### [Records supplied]
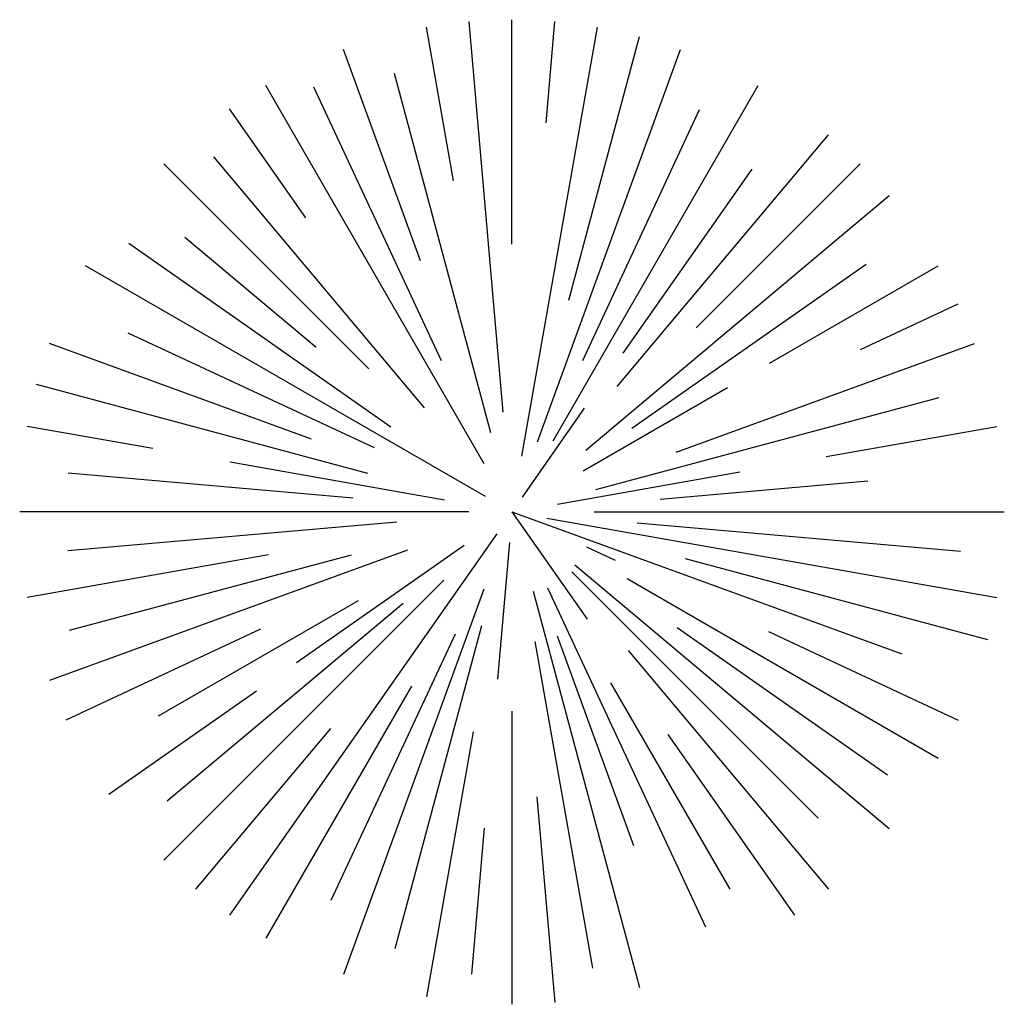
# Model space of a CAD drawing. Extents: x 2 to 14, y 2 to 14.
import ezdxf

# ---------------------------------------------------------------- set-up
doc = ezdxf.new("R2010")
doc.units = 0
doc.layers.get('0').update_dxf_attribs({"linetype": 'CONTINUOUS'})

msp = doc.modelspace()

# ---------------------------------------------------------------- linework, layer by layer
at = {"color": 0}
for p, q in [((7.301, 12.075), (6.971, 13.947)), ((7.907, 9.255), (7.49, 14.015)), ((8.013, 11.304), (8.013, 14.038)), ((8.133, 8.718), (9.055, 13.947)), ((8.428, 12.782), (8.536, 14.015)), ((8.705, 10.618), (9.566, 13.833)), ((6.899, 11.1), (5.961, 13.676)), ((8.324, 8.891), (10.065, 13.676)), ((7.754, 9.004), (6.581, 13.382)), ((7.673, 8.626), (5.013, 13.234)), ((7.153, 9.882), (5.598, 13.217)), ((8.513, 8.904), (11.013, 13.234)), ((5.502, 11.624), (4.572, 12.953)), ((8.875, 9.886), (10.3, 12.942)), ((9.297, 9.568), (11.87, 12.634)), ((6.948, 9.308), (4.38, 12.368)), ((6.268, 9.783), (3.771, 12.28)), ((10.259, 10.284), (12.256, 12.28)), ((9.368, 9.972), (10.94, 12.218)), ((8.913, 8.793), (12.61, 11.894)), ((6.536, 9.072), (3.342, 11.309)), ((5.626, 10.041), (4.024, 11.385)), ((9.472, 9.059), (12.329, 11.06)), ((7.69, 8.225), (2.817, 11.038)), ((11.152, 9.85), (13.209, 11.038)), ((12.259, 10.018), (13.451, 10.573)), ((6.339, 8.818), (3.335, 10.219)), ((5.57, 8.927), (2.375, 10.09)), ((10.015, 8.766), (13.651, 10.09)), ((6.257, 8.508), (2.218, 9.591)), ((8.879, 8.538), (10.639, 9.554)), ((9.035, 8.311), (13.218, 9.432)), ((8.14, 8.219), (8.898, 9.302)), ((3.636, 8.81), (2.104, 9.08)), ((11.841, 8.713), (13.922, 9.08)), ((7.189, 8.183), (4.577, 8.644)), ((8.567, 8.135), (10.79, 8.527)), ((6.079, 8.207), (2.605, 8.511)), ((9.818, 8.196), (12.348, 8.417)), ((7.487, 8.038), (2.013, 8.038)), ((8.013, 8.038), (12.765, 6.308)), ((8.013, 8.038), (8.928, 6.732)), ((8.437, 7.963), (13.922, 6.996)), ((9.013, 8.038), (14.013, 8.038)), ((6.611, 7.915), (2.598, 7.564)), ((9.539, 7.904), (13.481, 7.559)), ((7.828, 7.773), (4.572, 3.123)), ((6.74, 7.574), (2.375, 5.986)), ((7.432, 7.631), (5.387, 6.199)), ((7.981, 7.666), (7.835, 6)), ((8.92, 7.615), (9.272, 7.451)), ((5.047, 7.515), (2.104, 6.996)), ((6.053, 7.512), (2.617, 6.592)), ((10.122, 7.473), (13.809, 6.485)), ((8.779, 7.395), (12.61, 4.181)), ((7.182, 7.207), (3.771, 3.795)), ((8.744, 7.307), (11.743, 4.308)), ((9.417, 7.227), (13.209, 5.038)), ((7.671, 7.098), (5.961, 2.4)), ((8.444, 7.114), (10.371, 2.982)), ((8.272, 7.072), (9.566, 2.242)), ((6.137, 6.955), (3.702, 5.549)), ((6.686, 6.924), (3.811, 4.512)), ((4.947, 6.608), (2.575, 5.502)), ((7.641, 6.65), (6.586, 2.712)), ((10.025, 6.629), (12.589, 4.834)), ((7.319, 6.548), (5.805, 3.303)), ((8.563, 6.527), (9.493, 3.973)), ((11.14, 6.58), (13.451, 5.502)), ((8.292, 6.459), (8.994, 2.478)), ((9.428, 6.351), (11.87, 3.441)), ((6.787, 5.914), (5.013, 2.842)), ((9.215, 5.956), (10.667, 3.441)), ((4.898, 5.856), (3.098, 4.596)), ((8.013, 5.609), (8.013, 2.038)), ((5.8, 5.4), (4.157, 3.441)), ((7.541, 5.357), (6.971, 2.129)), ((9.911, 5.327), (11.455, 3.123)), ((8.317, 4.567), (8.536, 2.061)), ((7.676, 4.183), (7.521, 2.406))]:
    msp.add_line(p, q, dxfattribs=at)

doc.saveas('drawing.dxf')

### [Goal of the exercise]
For an answer, give a copy of every line in the listing that holds the word "drawing".

### [Output for this task]
# Model space of a CAD drawing. Extents: x 2 to 14, y 2 to 14.
doc.saveas('drawing.dxf')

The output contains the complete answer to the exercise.